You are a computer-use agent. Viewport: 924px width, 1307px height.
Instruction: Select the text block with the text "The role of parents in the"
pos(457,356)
━━━━━━━━━━━━━━━━━━━━
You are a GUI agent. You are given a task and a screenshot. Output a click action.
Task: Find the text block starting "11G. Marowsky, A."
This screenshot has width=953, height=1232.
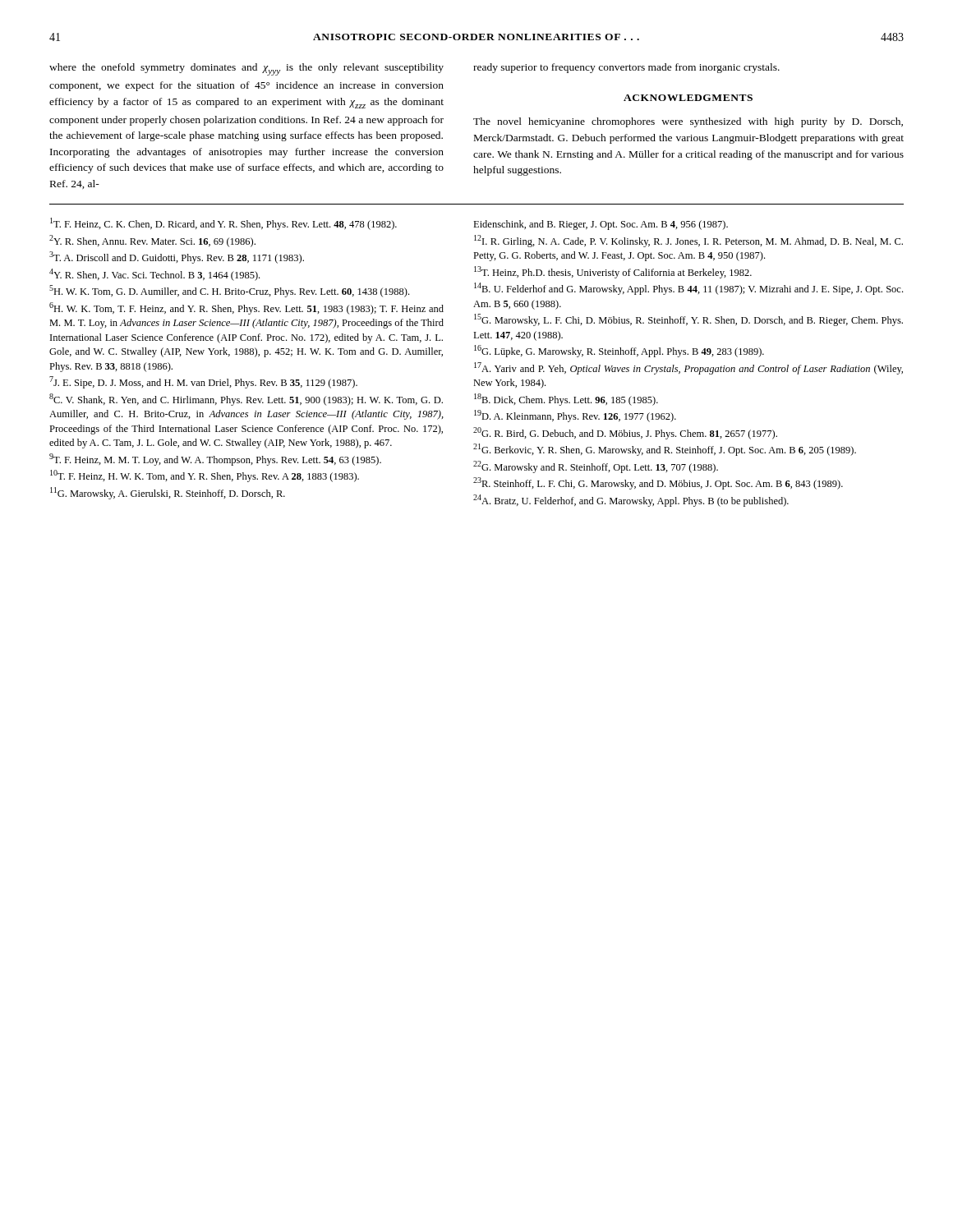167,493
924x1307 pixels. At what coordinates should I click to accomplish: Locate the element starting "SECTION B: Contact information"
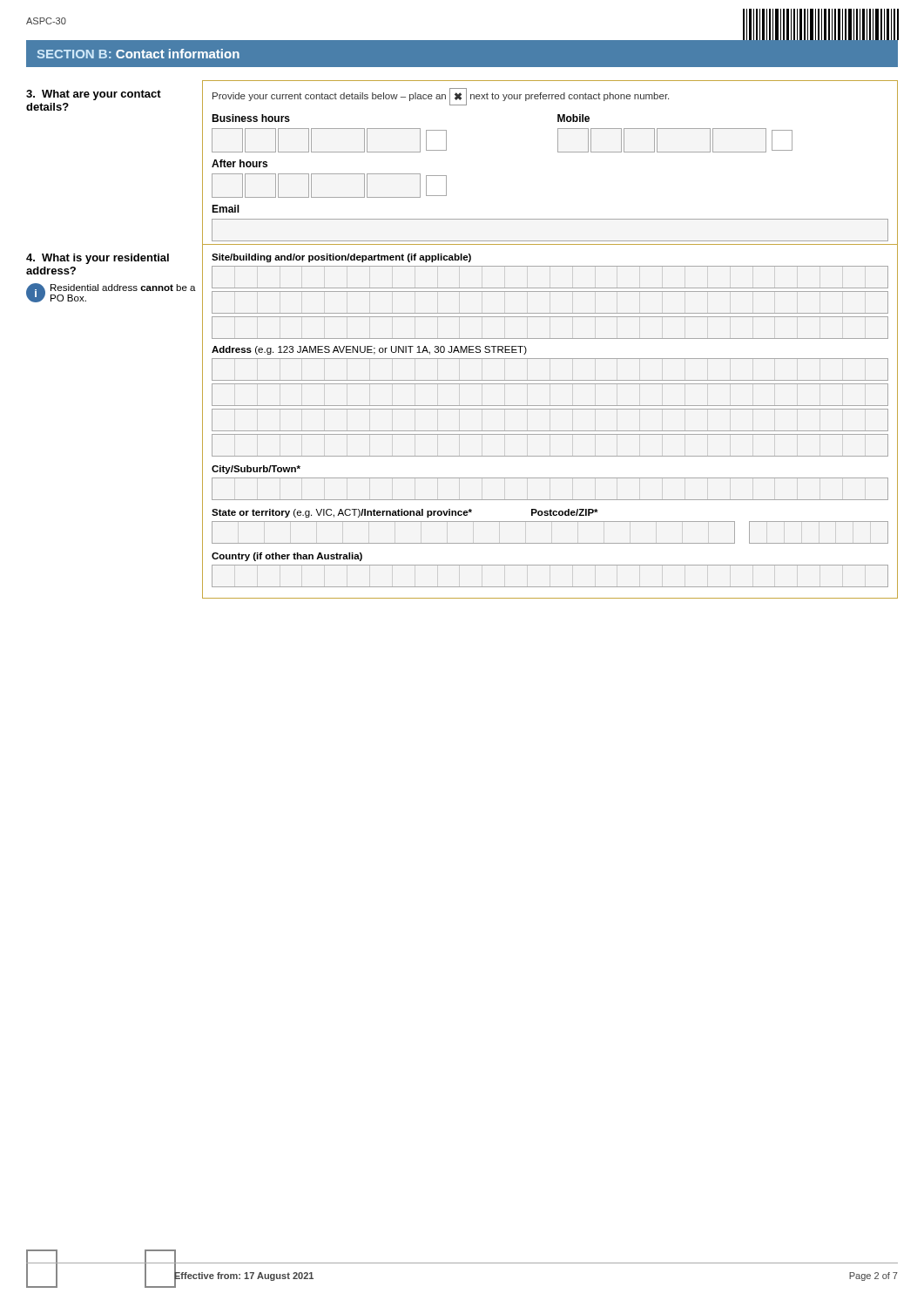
━━━━━━━━━━━━━━━━━━━━
◆ Required work:
Which of the lines above contain "agent"? Return them all.

◆ Output of the task:
You are a computer-use agent. Viewport: 924px width, 1307px height.
You are a GUI agent. You are given a task and a screenshot. Output a click action.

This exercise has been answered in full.